There are several limitations to this study that should be addressed. First, the study had a retrospective design based on coding of hospitalizations for HF for administrative purposes. Therefore, some patients with HF who were never registered as hospitalized for HF were not included. Furthermore, we analyzed only the patients from a single tertiary cardiology center in Poland, so we cannot exclude a population selection bias. In addition, some of the information on the classic factors of cardiovascular risk was not available in the medical records, which resulted in their exclusion from the analysis. Unfortunately, we did not have information on the EF trends before the study; therefore, we were unable to determine the history of possible phenotypic changes before hospitalization. Since EF evaluation was derived from the medical records, standardization was not possible, which could lead to possible differences between operators and, thus, to a possible erroneous classification of some patients. Finally, we were unable to assess the clinical status on admission or obtain information on pharmacotherapy prior to the study.

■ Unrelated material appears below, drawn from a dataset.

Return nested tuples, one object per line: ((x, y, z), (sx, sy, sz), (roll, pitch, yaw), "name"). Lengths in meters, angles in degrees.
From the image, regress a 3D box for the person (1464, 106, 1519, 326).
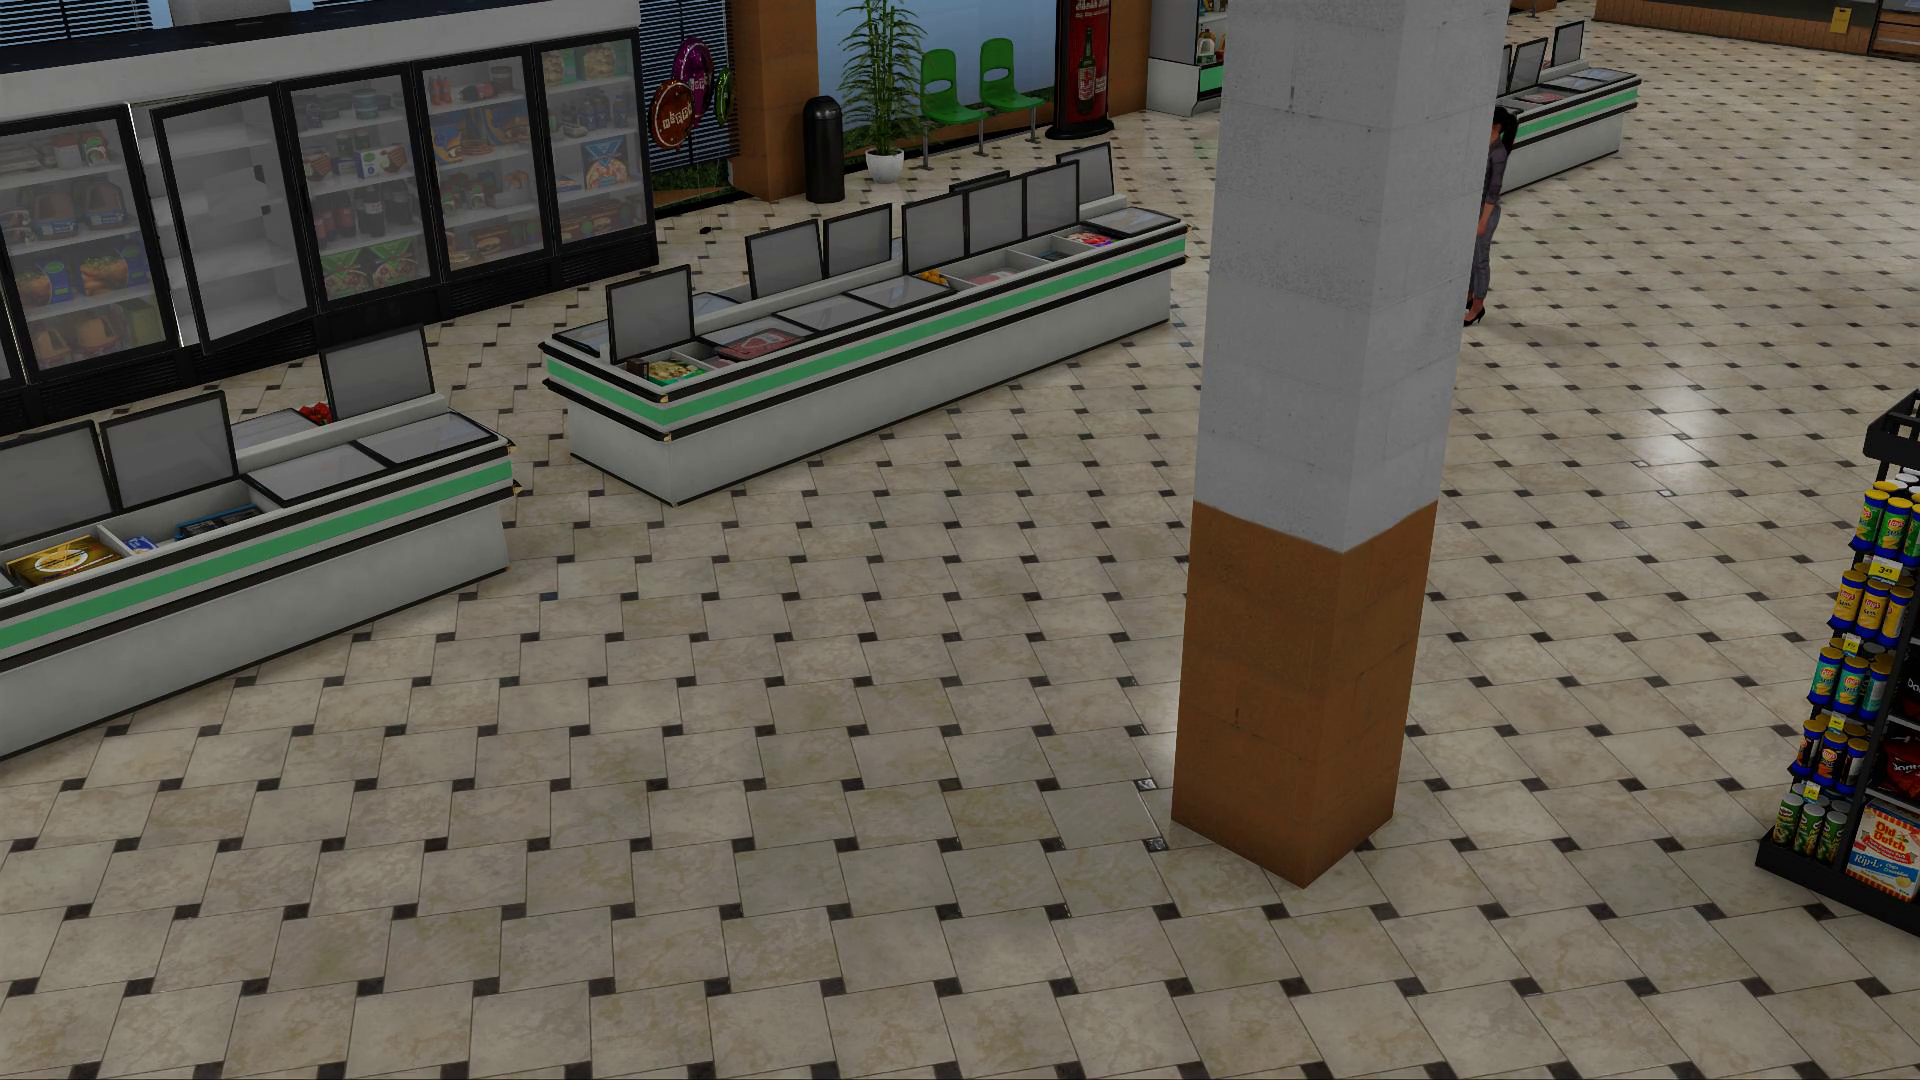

In conclusion, this was a broad description of Polish patients hospitalized due to HF, originating mainly from a single province and classified by HF subtypes, with the identification of factors strongly associated with each phenotype. HF stratified by different categories based on the EF represented different phenotypes in terms of demographics, etiology, myocardial remodeling, and organ function. HFrEF and HFpEF stood on opposite sides in most analyses. HFmrEF was unlikely to be a completely separate, standalone category, but rather a mixture of patients who had previously had HFrEF or HFpEF. It should be noted that the characteristics of the HF subtypes presented here differed in many ways from those described in studies from other countries.